Most estate planning lawyers answer the question, “What’s the first question a potential client will ask?” is “Do I even need a will?” As legal advocates, our role is to ensure clients know that a will covers far more than one’s finances. There’s a lot at stake and ensuring your wishes are met and your loved ones are cared for in the event of your death or if you become disabled is what estate planning is really about.
Wills are practical. They’re usually simpler than most realize and they can be written in a short amount of time. Contrary to what you see in the movies, a will preparation isn’t an extensive time investment and the reading of the will is never as dramatic as it’s made out to be in the movies.
It can also be simple; memorializing your wishes and how you want your possessions disbursed is often all that defines a will. If you have charitable organizations you wish to acknowledge with a gift that can easily be included in your efforts as well. The goal is to ensure it’s built from a strong, legal foundation.
If, however, you do have a will, your estate will go into probate, which is time consuming and sometimes expensive venture for those left behind, but your estate will be distributed how you would like it to be and you get to chose who will be in charge of distributing your estate. If you do not have a will, your estate will still have to go through probate and you risk your estate being handled differently than what you would like.

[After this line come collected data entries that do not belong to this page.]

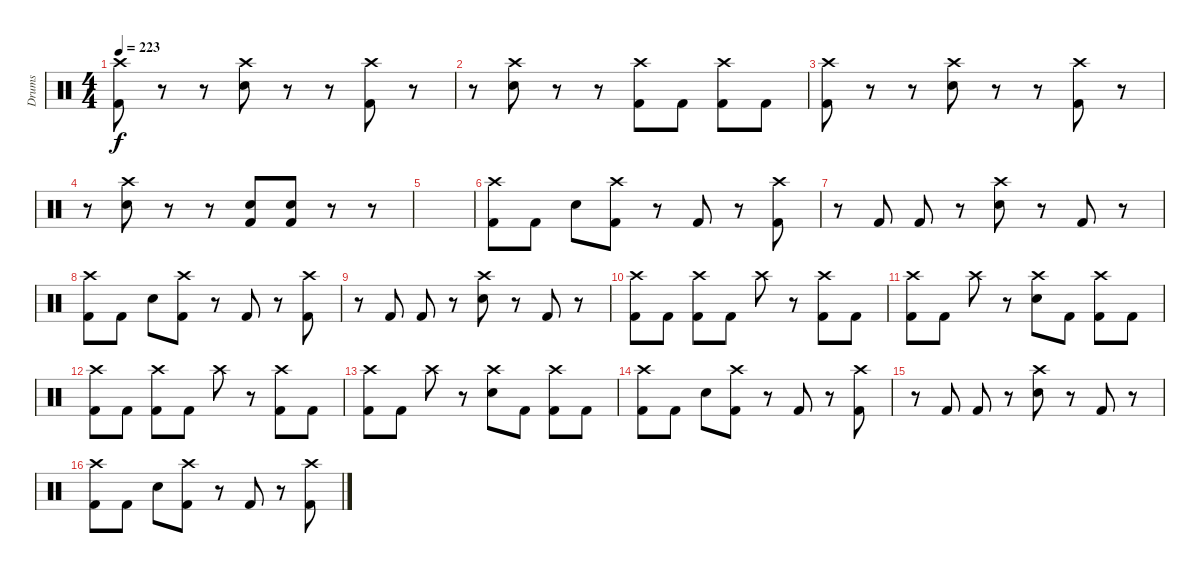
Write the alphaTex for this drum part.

\track ("Drums" "Drums") {instrument percussion bank 177}
\staff {score}
\articulation defaults
\ts (4 4)
\tempo 223
\clef neutral
\ks c
("Crash high (hit)" "Kick (hit) 2").8{dy f} r.8 r.8 ("Crash high (hit)" "Electric Snare (hit)").8 r.8 r.8 ("Crash high (hit)" "Kick (hit) 2").8 r.8 |
r.8 ("Crash high (hit)" "Electric Snare (hit)").8 r.8 r.8 ("Crash high (hit)" "Kick (hit) 2").8 "Kick (hit) 2".8 ("Crash high (hit)" "Kick (hit) 2").8 "Kick (hit) 2".8 |
("Crash high (hit)" "Kick (hit) 2").8 r.8 r.8 ("Crash high (hit)" "Electric Snare (hit)").8 r.8 r.8 ("Crash high (hit)" "Kick (hit) 2").8 r.8 |
r.8 ("Crash high (hit)" "Electric Snare (hit)").8 r.8 r.8 ("Electric Snare (hit)" "Kick (hit) 2").8 ("Electric Snare (hit)" "Kick (hit) 2").8 r.8 r.8 |
|
("Crash high (hit)" "Kick (hit) 2").8 "Kick (hit) 2".8 "Electric Snare (hit)".8 ("Crash high (hit)" "Kick (hit) 2").8 r.8 "Kick (hit) 2".8 r.8 ("Crash high (hit)" "Kick (hit) 2").8 |
r.8 "Kick (hit) 2".8 "Kick (hit) 2".8 r.8 ("Crash high (hit)" "Electric Snare (hit)").8 r.8 "Kick (hit) 2".8 r.8 |
("Crash high (hit)" "Kick (hit) 2").8 "Kick (hit) 2".8 "Electric Snare (hit)".8 ("Crash high (hit)" "Kick (hit) 2").8 r.8 "Kick (hit) 2".8 r.8 ("Crash high (hit)" "Kick (hit) 2").8 |
r.8 "Kick (hit) 2".8 "Kick (hit) 2".8 r.8 ("Crash high (hit)" "Electric Snare (hit)").8 r.8 "Kick (hit) 2".8 r.8 |
("Crash high (hit)" "Kick (hit) 2").8 "Kick (hit) 2".8 ("Crash high (hit)" "Kick (hit) 2").8 "Kick (hit) 2".8 "Crash high (hit)".8 r.8 ("Crash high (hit)" "Kick (hit) 2").8 "Kick (hit) 2".8 |
("Crash high (hit)" "Kick (hit) 2").8 "Kick (hit) 2".8 "Crash high (hit)".8 r.8 ("Crash high (hit)" "Electric Snare (hit)").8 "Kick (hit) 2".8 ("Crash high (hit)" "Kick (hit) 2").8 "Kick (hit) 2".8 |
("Crash high (hit)" "Kick (hit) 2").8 "Kick (hit) 2".8 ("Crash high (hit)" "Kick (hit) 2").8 "Kick (hit) 2".8 "Crash high (hit)".8 r.8 ("Crash high (hit)" "Kick (hit) 2").8 "Kick (hit) 2".8 |
("Crash high (hit)" "Kick (hit) 2").8 "Kick (hit) 2".8 "Crash high (hit)".8 r.8 ("Crash high (hit)" "Electric Snare (hit)").8 "Kick (hit) 2".8 ("Crash high (hit)" "Kick (hit) 2").8 "Kick (hit) 2".8 |
("Crash high (hit)" "Kick (hit) 2").8 "Kick (hit) 2".8 "Electric Snare (hit)".8 ("Crash high (hit)" "Kick (hit) 2").8 r.8 "Kick (hit) 2".8 r.8 ("Crash high (hit)" "Kick (hit) 2").8 |
r.8 "Kick (hit) 2".8 "Kick (hit) 2".8 r.8 ("Crash high (hit)" "Electric Snare (hit)").8 r.8 "Kick (hit) 2".8 r.8 |
("Crash high (hit)" "Kick (hit) 2").8 "Kick (hit) 2".8 "Electric Snare (hit)".8 ("Crash high (hit)" "Kick (hit) 2").8 r.8 "Kick (hit) 2".8 r.8 ("Crash high (hit)" "Kick (hit) 2").8

Seeking out legal advice is a smart choice. It doesn’t have to be a long, drawn out relationship with an attorney, but it should be one built on trust and ensuring the foundation is in place can mean a lifetime of quality legal advice for all of life’s uncertainties. There are rules for how your estate is handled and each state is different.
We never know where life leads us, but we can help light the way for our loved ones.
Regardless of which state you call home, there are a few universal rules that are applicable around the country.
In most states, you must be 18 years of age or older to put into place a legally binding will. There are those instances where extraordinary circumstances dictate otherwise. You must also be of both sound mind and judgment. Your mental capacity must be able to understand what you’re entering into.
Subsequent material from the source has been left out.